Когда я кончил, мать сидела с тяжелым, опущенным лицом. Оно не просветлело. Так было долго. Наконец она вздохнула:
— А я думала, думала… Ничего не могла придумать. Я вижу, как ты отдалился от дома. Как ты куришь… Конечно, тебе нужны карманные деньги. Ты большой, и я понимаю… Ты взрослый уже, и все-таки… Это не честный заработок, Толя. Грязные деньги… Почти то же, что украсть. Грязные деньги не делают счастливым… Никого, никогда, запомни. Никого, никогда. И лучше бы ты… — она стала снова морщиться, вытирать глаза. — Почему ты ничего не говорил? Тебе было стыдно. Значит, ты чувствовал какую-то вину… Говорила твоя совесть. От совести, Толя, никуда не скроешься. Ее даже теряют только на время… Она все равно приходит. Толя, Толя. Глупый ты… Растешь без отца. Все сам. И я не препятствовала тебе… Пока не испугалась… Вчера посмотрела — ушел без шапки. Глянула в шкаф — костюм твой висит, и ботинки старые в прихожей. В чем же ты ушел? А сегодня всю ночь не спала — думала. Такой костюм.

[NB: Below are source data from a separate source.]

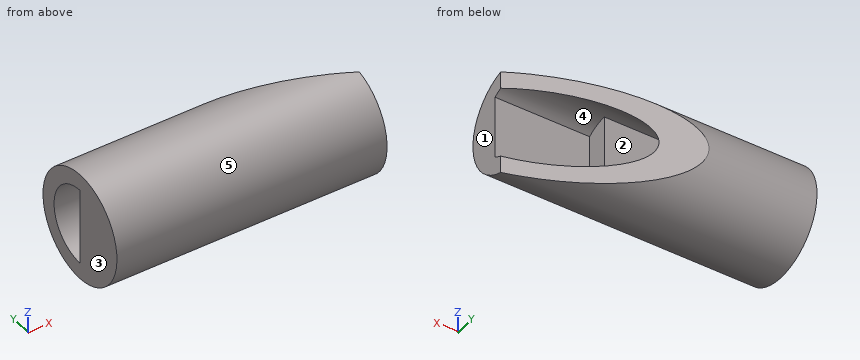
from build123d import *

# Parameters (mm, degrees)
BOSS_EXTRUDE1_DEPTH            = 65
SKETCH1_4_R                    = 20
SKETCH1_4_R_2                  = 14
BOSS_EXTRUDE2_DEPTH            = 100
CUT_EXTRUDE1_REACH             = 105.923
CUT_EXTRUDE1_DIRECTION_2_REACH = 105.923


with BuildPart() as part:
    # Sketch1 → Boss-Extrude1 (new body)
    with BuildSketch(Plane(origin=(0, 0, 0), x_dir=(0, 0, -1), z_dir=(1, 0, 0))):
        with BuildLine():
            Line((14, 0), (-14, 0))
            ThreePointArc((-14, 0), (-13.357540082, -4.192388692), (-11.489125293, -8))
            Line((-11.489125293, -8), (11.489125293, -8))
            ThreePointArc((11.489125293, -8), (13.357540082, -4.192388692), (14, 0))
        make_face()
    extrude(amount=BOSS_EXTRUDE1_DEPTH)

    # Sketch1_4 → Boss-Extrude2 (add)
    # profile 1 of 2: a face of its own
    with BuildSketch(Plane(origin=(0, 0, 0), x_dir=(0, 0, -1), z_dir=(1, 0, 0))):
        Circle(SKETCH1_4_R)
        Circle(SKETCH1_4_R_2, mode=Mode.SUBTRACT)
    # profile 2 of 2: a face of its own
    with BuildSketch(Plane(origin=(0, 0, 0), x_dir=(0, 0, -1), z_dir=(1, 0, 0))):
        with BuildLine():
            Line((11.489125293, -8), (-11.489125293, -8))
            ThreePointArc((-11.489125293, -8), (0, -14), (11.489125293, -8))
        make_face()
    extrude(amount=BOSS_EXTRUDE2_DEPTH)

    # Sketch2 → Cut-Extrude1 (cut, up to next)
    with BuildSketch(Plane.XY, mode=Mode.PRIVATE) as cut_extrude1_sk1:
        Polygon((40, 20), (100, -5), (100, 20), align=None)
    cut_extrude1_tool1 = extrude(cut_extrude1_sk1.sketch, amount=-CUT_EXTRUDE1_REACH, mode=Mode.PRIVATE) & part.part
    add(cut_extrude1_tool1.solids().sort_by_distance((80, 11.666667, 0))[0], mode=Mode.SUBTRACT)

    # Sketch2 → Cut-Extrude1 direction 2 (cut, up to next)
    with BuildSketch(Plane.XY, mode=Mode.PRIVATE) as cut_extrude1_direction_2_sk1:
        Polygon((40, 20), (100, -5), (100, 20), align=None)
    cut_extrude1_direction_2_tool1 = extrude(cut_extrude1_direction_2_sk1.sketch, amount=CUT_EXTRUDE1_DIRECTION_2_REACH, mode=Mode.PRIVATE) & part.part
    add(cut_extrude1_direction_2_tool1.solids().sort_by_distance((80, 11.666667, 0))[0], mode=Mode.SUBTRACT)


solid = part.part
Can you work these out from the model? Positions are in its coordinate system, mm. Face numbers are marked on the shaded views. A direction names the side the tool comes from. Coordinates: 2 decimals unless noted, no trailing zeros. Write each loop counter-clockwise with the first axis right and the second up, starting at its lowest first coordinate (ties: lowest second). Pieces come first, ordered by that corner, then holes. Notation, with made-up numbers: (41, 55.25) -> (79, 55.25) arc R15 ccw to (79, 74.25) -> close; hole circle Ø1 at (87.5, -26). An arc over 180 degrees is marked (long way). Write item = value, one per line.
(1) Imagine slicing it at C-C (x = 27.5). Please give me the cut outline in (y, z).
Verdict:
outline = circle Ø40 at (0, 0); hole (0, -14) arc R14 ccw to (0, 14) -> close
(2) If I drill on probe 1 along Y at (x, z) = (37.5, 0); probe 2 along X at (y, z) = (-1, -8.5); probe 3 along Z at (x, y) = (74, 2), over which ranges is the centre line in solid material (lowest first)?
Verdict:
probe_1 = -20 to 0, 14 to 20
probe_2 = 0 to 65
probe_3 = -19.9 to -13.86, 13.86 to 19.9
(3) Thinking about a two-plate mould opening in Z: for the marked faces 3, 4 and 5, which applies, +Z half, -Z half, draft (parallel to the pull), parting line (faces both ways), or undercut?
Verdict:
face_3 = draft
face_4 = undercut
face_5 = parting line
(4) Imagine slicing it at B-B (y = 9.5). Please give me the cut outline in (x, z).
Verdict:
outline = (0, -17.6) -> (65.2, -17.6) -> (65.2, -10.28) -> (0, -10.28) -> close; (0, 10.28) -> (65.2, 10.28) -> (65.2, 17.6) -> (0, 17.6) -> close
(5) Imagine slicing it at D-D (y = -1). Please give me the cut outline in (x, z), and give its area (3 significant figures).
Verdict:
outline = (0, -19.97) -> (90.4, -19.97) -> (90.4, -13.96) -> (65, -13.96) -> (65, 13.96) -> (90.4, 13.96) -> (90.4, 19.97) -> (0, 19.97) -> close
area = 2,900 mm^2
(6) For pin 1 (5 mm diameter, centred on x = 87.5, z = -3.5, fed in from -Y) (3 decimals); pin 2 (12 mm diameter, centred on x = 40, z = -10, fed in from +Y); pin 3 (3 mm diameter, centred on x = 75, z = 12.5, fed in from -Y), each with a flat end and sliding along its axis, tell me the tip position at first contact or that it passes through.
Verdict:
pin_1 = -19.975
pin_2 = 19.6
pin_3 = -16.7
(7) Imagine slicing it at A-A (z = 0). Please give me the cut outline in (x, y), and give its area (3 significant figures).
Verdict:
outline = (0, -20) -> (100, -20) -> (100, -8) -> (65, -8) -> (65, 0) -> (0, 0) -> close; (0, 14) -> (54.4, 14) -> (40, 20) -> (0, 20) -> close
area = 2,000 mm^2
(8) On a 3-axis mill with a long thin cutter (end or side, diameter ignored), from which of +Z, -Z, +X, -X, +Y, -Y can I reach the whole of each face in a straight line? I mean the marked faces 1 and 2. Say none if no direction works.
Verdict:
face_1 = +Z, -Z, +X, +Y, -Y
face_2 = +X, -X

Ботинки… Ушел без шапки…
— Если у меня нет…
Теперь уже молчала и вздыхала она.
— Ну, ладно, — сказала она, поднимаясь, вытирая глаза. — Только поклянись мне, что никогда, никогда не будешь так зарабатывать.
Я молчал, опустив голову на руки, покусывая рукав пиджака.
На другой день к вечеру кое-как привел себя в порядок. Опухоль у глаза сошла — остался синий полумесяц. Губа присохла. Однако вид был не из лучших, как ни утешал себя, что вечером будет не заметно, что шрамы украшают воина. Шрамы-то, может, и украшают, а вот синяки — как? Я разыскал в туалетном столе коробочку с пудрой и засохлый желтый кольдкрем. Этими двумя веществами попытался загримировать синеву под глазом. Получилось никудышно: пудра была слишком белой, и на ее фоне синяк проступал еще внушительнее, а кольдкрем растекался, оставляя жирное, нездорово блестящее пятно. Вдобавок я заблагоухал, как шестидесятилетняя женщина, которой хочется быть тридцатилетней. В конце концов стер пудру и крем, умылся. Наплевать. Пойду так. В крайнем случае скажу: налетел на дверь или ударился в подполье, когда лазал за картошкой. Тсс! Вот дурак! Разве у генералов есть подполье? Или их сыновья лазают туда, в пахнущую плесенью и тленом яму, где по углам сор, паутина, а в сыром гнилом сусеке хранится она — кормилица и спасительница все долгие годы до дня Победы и даже сейчас после этого дня?